Problem description → What is needed here is every line of the records that includes "them".

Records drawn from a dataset
>>

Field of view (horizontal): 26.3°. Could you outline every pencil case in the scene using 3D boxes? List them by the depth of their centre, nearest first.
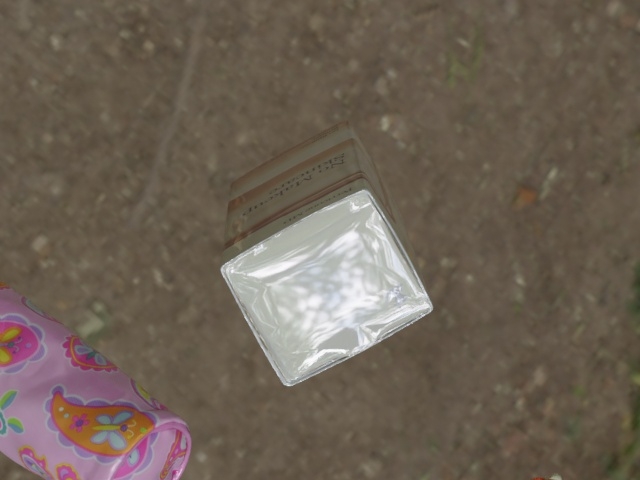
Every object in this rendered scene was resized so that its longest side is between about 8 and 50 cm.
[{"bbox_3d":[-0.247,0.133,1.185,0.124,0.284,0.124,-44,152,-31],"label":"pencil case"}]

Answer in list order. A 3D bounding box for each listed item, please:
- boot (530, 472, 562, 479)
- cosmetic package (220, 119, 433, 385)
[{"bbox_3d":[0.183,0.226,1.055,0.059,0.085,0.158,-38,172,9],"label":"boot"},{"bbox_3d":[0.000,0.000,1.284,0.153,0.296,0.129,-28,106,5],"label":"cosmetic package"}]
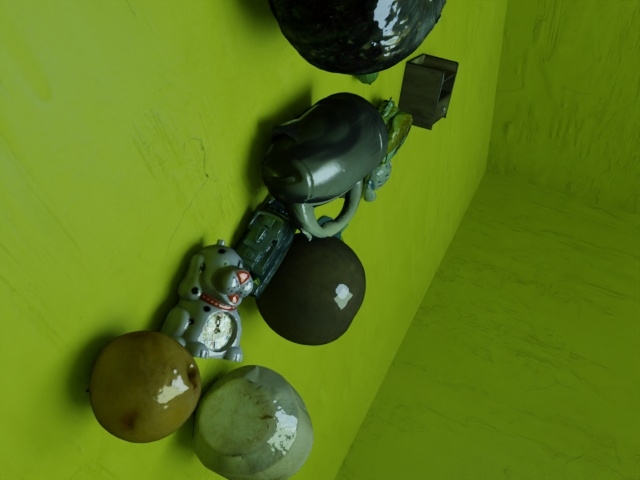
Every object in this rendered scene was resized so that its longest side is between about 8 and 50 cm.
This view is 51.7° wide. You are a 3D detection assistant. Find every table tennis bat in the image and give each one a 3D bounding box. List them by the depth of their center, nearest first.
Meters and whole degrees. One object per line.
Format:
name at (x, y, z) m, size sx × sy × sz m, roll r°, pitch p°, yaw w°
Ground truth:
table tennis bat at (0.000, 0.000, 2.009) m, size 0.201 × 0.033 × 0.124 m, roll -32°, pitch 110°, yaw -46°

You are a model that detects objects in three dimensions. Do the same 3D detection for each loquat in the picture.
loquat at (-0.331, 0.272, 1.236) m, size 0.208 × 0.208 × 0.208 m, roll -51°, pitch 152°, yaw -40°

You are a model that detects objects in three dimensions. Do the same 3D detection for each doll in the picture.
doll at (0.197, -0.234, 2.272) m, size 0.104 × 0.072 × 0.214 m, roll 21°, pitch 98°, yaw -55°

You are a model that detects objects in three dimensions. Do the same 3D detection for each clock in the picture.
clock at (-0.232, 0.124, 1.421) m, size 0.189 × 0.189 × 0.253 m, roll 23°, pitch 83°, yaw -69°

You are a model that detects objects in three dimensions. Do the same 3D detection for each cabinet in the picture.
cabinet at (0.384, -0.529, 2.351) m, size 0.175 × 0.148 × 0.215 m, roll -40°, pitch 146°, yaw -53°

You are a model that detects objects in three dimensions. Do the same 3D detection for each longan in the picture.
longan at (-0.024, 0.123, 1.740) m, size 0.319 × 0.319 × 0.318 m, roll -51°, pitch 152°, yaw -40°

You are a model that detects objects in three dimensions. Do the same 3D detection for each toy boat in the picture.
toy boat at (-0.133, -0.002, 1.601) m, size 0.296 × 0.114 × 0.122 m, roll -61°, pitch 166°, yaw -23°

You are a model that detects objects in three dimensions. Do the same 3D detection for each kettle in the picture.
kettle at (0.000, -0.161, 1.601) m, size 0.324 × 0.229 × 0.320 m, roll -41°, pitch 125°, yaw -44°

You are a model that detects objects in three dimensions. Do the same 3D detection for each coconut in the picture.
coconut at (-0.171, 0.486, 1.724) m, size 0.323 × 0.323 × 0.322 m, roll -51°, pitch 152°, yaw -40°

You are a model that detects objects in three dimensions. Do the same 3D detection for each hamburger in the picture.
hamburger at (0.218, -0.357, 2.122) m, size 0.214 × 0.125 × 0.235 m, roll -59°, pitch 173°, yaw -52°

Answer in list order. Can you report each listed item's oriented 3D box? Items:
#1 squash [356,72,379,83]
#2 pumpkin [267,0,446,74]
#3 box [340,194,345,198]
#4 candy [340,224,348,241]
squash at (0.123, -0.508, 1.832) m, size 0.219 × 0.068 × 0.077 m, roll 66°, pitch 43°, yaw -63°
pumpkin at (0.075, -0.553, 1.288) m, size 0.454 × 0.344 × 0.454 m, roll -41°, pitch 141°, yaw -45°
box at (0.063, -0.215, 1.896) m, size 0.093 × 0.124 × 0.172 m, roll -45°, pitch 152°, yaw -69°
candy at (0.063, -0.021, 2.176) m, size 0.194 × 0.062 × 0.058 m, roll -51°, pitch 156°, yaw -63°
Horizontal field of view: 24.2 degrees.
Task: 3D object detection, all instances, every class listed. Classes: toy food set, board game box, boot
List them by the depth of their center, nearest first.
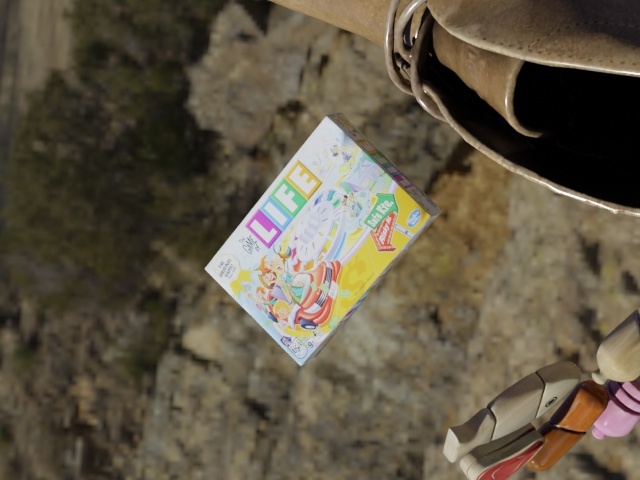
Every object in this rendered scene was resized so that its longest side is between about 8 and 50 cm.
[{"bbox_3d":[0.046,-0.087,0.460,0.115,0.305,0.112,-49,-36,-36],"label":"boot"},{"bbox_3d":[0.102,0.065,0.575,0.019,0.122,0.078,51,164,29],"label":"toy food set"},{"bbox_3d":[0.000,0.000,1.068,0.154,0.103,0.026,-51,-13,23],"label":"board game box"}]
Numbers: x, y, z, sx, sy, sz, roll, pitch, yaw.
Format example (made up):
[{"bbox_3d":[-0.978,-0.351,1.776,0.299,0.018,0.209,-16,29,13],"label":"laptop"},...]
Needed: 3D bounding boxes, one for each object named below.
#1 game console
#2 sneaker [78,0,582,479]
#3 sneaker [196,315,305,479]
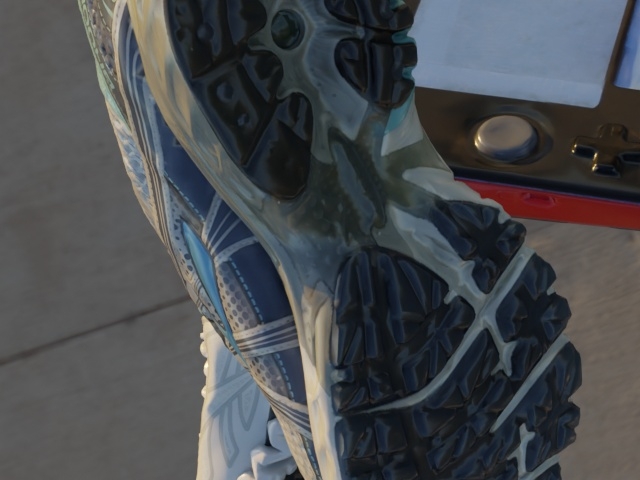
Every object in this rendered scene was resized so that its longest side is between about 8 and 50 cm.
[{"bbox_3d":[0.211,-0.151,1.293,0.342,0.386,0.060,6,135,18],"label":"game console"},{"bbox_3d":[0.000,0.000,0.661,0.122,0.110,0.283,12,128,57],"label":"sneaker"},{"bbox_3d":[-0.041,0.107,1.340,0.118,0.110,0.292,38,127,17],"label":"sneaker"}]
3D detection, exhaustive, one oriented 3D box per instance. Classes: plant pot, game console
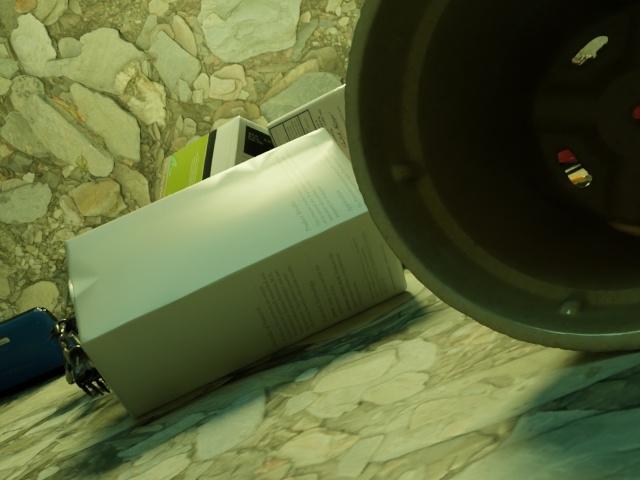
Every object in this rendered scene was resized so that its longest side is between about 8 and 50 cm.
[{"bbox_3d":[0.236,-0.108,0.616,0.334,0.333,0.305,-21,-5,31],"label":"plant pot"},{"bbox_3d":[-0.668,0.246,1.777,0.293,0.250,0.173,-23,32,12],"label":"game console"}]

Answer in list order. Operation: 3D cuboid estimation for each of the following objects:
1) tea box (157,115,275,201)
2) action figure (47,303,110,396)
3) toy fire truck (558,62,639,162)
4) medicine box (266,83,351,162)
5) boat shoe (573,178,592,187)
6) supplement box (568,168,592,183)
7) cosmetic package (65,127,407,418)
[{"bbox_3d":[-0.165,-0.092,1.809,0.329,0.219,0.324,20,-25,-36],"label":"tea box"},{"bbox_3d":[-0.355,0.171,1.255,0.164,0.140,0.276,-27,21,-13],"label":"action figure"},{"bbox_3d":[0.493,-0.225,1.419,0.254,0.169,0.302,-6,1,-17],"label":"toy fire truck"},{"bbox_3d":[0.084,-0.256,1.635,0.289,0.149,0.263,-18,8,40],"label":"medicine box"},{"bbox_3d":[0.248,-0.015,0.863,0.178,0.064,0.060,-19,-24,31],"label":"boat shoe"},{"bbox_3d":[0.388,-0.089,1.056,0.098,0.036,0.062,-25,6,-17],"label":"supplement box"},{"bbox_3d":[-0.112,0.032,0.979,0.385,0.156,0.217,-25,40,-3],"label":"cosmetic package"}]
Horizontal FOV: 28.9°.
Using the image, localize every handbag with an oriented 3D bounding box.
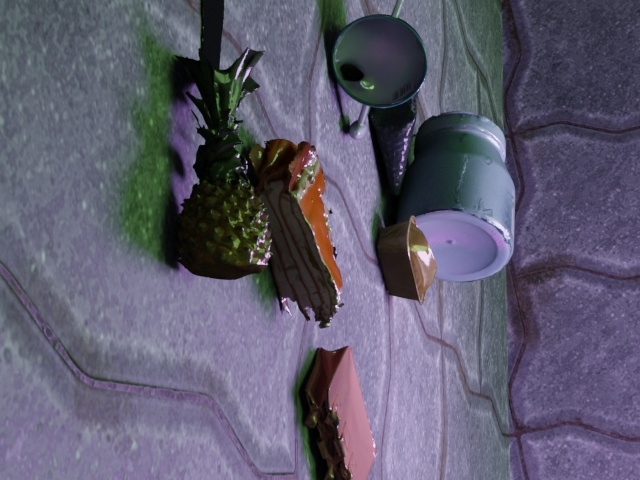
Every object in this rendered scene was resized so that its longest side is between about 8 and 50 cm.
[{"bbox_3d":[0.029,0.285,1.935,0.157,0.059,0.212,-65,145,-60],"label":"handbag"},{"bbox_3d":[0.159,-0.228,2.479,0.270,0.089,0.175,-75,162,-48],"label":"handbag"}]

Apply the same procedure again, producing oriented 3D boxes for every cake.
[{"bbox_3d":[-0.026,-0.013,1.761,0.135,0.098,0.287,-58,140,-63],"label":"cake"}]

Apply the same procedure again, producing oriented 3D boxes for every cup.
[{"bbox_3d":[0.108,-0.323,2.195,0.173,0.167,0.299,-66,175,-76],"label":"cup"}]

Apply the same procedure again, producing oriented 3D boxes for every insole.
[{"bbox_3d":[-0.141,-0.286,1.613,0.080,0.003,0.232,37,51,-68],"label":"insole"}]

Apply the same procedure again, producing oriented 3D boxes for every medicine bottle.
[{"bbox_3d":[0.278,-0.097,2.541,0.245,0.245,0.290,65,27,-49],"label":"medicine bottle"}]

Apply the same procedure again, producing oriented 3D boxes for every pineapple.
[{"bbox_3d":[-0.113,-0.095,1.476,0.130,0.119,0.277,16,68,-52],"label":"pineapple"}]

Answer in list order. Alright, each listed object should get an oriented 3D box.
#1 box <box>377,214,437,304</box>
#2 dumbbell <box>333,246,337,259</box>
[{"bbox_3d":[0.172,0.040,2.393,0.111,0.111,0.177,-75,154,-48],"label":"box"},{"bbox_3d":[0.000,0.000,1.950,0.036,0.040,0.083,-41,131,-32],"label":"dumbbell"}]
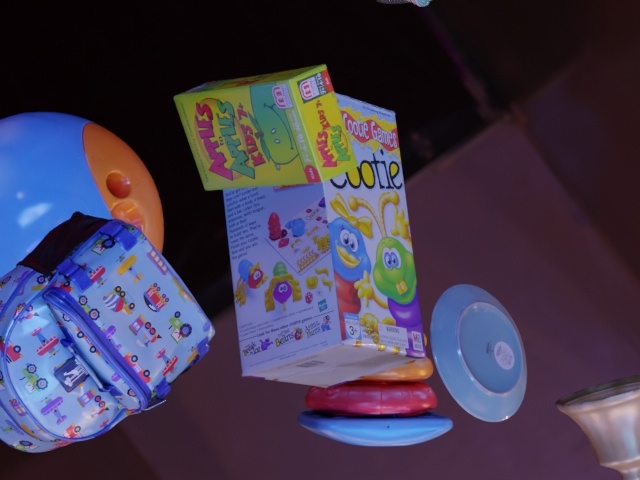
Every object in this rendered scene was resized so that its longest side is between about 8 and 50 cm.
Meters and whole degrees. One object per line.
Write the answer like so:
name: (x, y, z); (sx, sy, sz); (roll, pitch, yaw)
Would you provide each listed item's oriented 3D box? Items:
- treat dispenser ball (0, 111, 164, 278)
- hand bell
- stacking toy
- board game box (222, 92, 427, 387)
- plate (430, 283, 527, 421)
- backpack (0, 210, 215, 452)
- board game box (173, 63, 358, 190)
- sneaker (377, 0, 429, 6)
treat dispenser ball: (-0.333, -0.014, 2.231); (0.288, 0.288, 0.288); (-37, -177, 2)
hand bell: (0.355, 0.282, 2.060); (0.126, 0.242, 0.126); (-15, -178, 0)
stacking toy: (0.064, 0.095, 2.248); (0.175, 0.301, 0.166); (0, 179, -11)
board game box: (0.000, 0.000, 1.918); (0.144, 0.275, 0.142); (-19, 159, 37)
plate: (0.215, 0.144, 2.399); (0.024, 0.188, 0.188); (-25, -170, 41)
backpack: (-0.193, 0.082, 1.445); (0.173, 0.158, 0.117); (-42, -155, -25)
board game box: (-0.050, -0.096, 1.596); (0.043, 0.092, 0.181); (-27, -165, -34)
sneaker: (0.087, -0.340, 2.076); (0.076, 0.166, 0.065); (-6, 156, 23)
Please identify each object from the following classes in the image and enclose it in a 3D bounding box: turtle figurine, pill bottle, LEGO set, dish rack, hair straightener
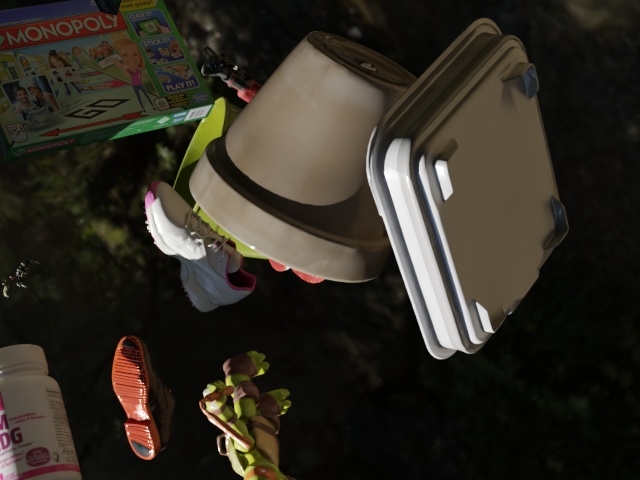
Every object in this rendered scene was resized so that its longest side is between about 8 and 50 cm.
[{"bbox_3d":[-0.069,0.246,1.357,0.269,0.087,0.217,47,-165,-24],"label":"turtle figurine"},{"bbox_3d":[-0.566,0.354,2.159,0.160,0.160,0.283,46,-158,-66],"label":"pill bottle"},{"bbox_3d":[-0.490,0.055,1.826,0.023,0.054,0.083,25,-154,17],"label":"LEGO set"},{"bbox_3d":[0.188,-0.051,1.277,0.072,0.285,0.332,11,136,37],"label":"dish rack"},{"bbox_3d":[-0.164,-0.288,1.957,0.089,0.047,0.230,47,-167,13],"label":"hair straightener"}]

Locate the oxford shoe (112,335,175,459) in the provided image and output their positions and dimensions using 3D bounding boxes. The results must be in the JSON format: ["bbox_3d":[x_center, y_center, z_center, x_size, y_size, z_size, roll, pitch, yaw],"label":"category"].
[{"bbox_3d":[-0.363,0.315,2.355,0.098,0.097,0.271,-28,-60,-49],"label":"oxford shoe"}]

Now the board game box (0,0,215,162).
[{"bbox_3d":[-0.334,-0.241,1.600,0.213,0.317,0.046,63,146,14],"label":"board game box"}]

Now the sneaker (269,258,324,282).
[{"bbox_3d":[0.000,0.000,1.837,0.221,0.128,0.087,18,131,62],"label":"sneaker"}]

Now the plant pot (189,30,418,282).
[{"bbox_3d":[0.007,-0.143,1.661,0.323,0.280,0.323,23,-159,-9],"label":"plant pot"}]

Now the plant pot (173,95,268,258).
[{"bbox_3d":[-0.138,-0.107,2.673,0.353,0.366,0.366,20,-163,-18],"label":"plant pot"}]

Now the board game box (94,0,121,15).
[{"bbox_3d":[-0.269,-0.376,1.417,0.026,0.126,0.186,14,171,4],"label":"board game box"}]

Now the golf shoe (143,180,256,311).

<<

Response to the task →
Field of view (horizontal): 26.3°. Could you outline every pencil case in the scene using 3D boxes? List them by the depth of their centre, nearest first.
This view is 51.7° wide. You are a 3D detection assistant. Find every table tennis bat in the image and give each one a 3D bounding box. List them by the depth of their center, nearest first.
List them by the depth of their center, nearest first.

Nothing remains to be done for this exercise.